Question

Use the relationship $\text{ }\\!\\!\Delta\\!\\!\text{ }{{\text{G}}^{\text{0}}}\text{=-nFE}_{\text{cell}}^{\text{0}}$ to estimate the minimum voltage required to electrolyze $\text{A}{{\text{l}}_{\text{2}}}{{\text{O}}_{\text{3}}}$in the Hall-Heroult process.
$\text{ }\\!\\!\Delta\\!\\!\text{ G}_{\text{f}}^{\text{o}}\text{(A}{{\text{l}}_{\text{2}}}{{\text{O}}_{\text{3}}}\text{)=-1520kJmo}{{\text{l}}^{\text{-1}}}$
$\text{ }\\!\\!\Delta\\!\\!\text{ G}_{\text{f}}^{\text{o}}\text{(C}{{\text{O}}_{\text{2}}}\text{)=-394kJmo}{{\text{l}}^{\text{-1}}}$
The oxidation of the graphite anode to $\text{C}{{\text{O}}_{\text{2}}}$permits the electrolysis to occur at a low voltage then if the electrolysis reactions are,
$\text{A}{{\text{l}}_{\text{2}}}\text{C}{{\text{O}}_{\text{3}}}\to \text{2Al+3}{{\text{O}}_{\text{2}}}$
What is the approximate value of low voltage?
A) 2V
B) 3V
C) 4V

Answer 1

Here graphite which is a form of C is reducing the metal oxide and it acts as the reducing agent.
We are given the value standard Gibbs free energy of formation for aluminium oxide and carbon dioxide.

Complete answer:
So in the question we are asked to determine approximate value of the minimum voltage required to electrolyze $\text{A}{{\text{l}}_{\text{2}}}{{\text{O}}_{\text{3}}}$in the Hall-Heroult process.

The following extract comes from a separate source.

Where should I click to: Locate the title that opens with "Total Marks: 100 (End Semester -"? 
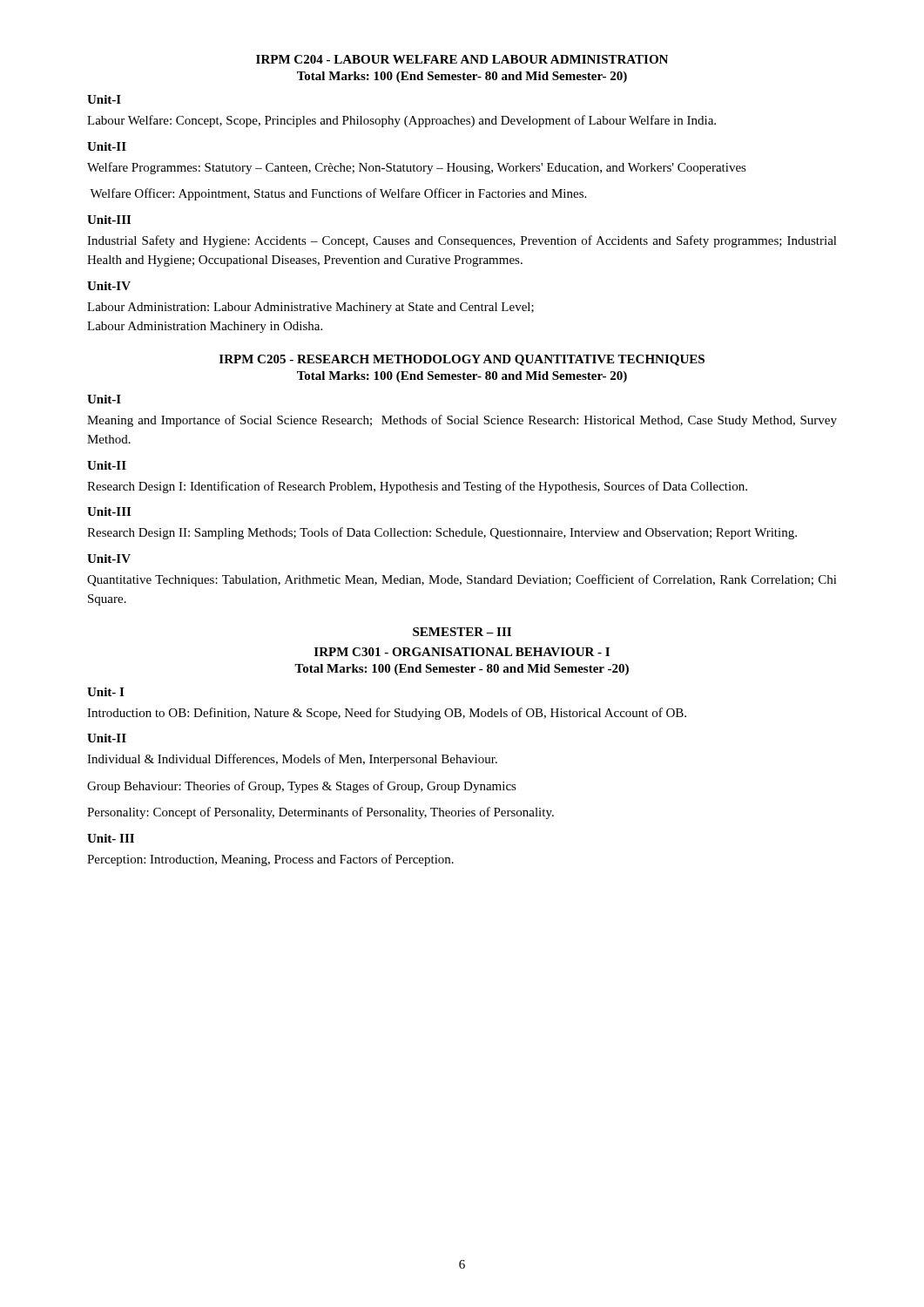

The values for the standard Gibbs free energy of formation value of $\text{A}{{\text{l}}_{\text{2}}}{{\text{O}}_{\text{3}}}$and $\text{C}{{\text{O}}_{\text{2}}}$is also given.
We know that here graphite is used as the anode and it is getting oxidized to$\text{C}{{\text{O}}_{\text{2}}}$.
Inorder to start calculating the value of the minimum voltage required, lets first write the complete chemical reaction happening.
The net chemical reaction for the electrolytic process is,
$3C+2A{{l}_{2}}{{O}_{3}}\to 4Al+3C{{O}_{2}}$
$4A{{l}^{3+}}+12{{e}^{-}}\to 4Al$
The reaction happening in cathode is,
$A{{l}^{3+}}+3{{e}^{-}}\to Al(l)$
Here the positively charged aluminium ion is getting reduced to elemental Al by losing its three electrons.
The reaction happening in anode is,
$C(s)+{{O}^{2-}}\to CO(g)+2{{e}^{-}}$
$C(s)+2{{O}^{2-}}\to C{{O}_{2}}(g)+4{{e}^{-}}$
In the anode C is getting oxidized to Carbon dioxide.
Now from the net reaction given above, determine the number of electrons involved i.e. the value of n.
$4A{{l}^{3+}}+12{{e}^{-}}\to 4Al$
Here $12{{e}^{-}}s$ are involved in the overall reaction to convert $A{{l}^{3+}}$to Al.
Now let’s calculate the Gibbs free energy by substituting the values of the standard Gibbs free energy of formation,
$\Delta {{G}^{0}}=3\Delta G_{f}^{0}(C{{O}_{2}})-2\Delta G_{f}^{0}\left( A{{l}_{2}}{{O}_{3}} \right)$
$\Delta {{G}^{0}}=3(-394)-2\left( -1520 \right)$
$\Delta {{G}^{0}}=-1182+3040=1858kJ$
Hence we got the value for Gibbs free energy, now let’s find the potential value.
We know the relation,$\text{ }\\!\\!\Delta\\!\\!\text{ }{{\text{G}}^{\text{0}}}\text{=-nFE}_{\text{cell}}^{\text{0}}$
And by rearranging this equation for$E_{cell}^{0}$, we get,
$-E_{cell}^{0}=\dfrac{\Delta {{G}^{0}}}{nF}$
F = Faraday constant, value of 1F=96500
Substitute all the values in the above equation and we get,
$-E_{cell}^{0}=\dfrac{1858\times 1000}{12\times 96500}$
$-E_{cell}^{0}=1.60V$

The value is almost approximate to the value 2V, which is Option (A) and the Hall-Heroult processes carried out in low voltage.

Note:
The value of Gibbs free energy is converted to Joules in the final equation, and we should always take care of the conversion done and the signs related to the digits.
We should be thorough with the mathematical operations related to the integers and there are many chances of getting wrong during the mathematical operation carried out between a positive integer and negative integer.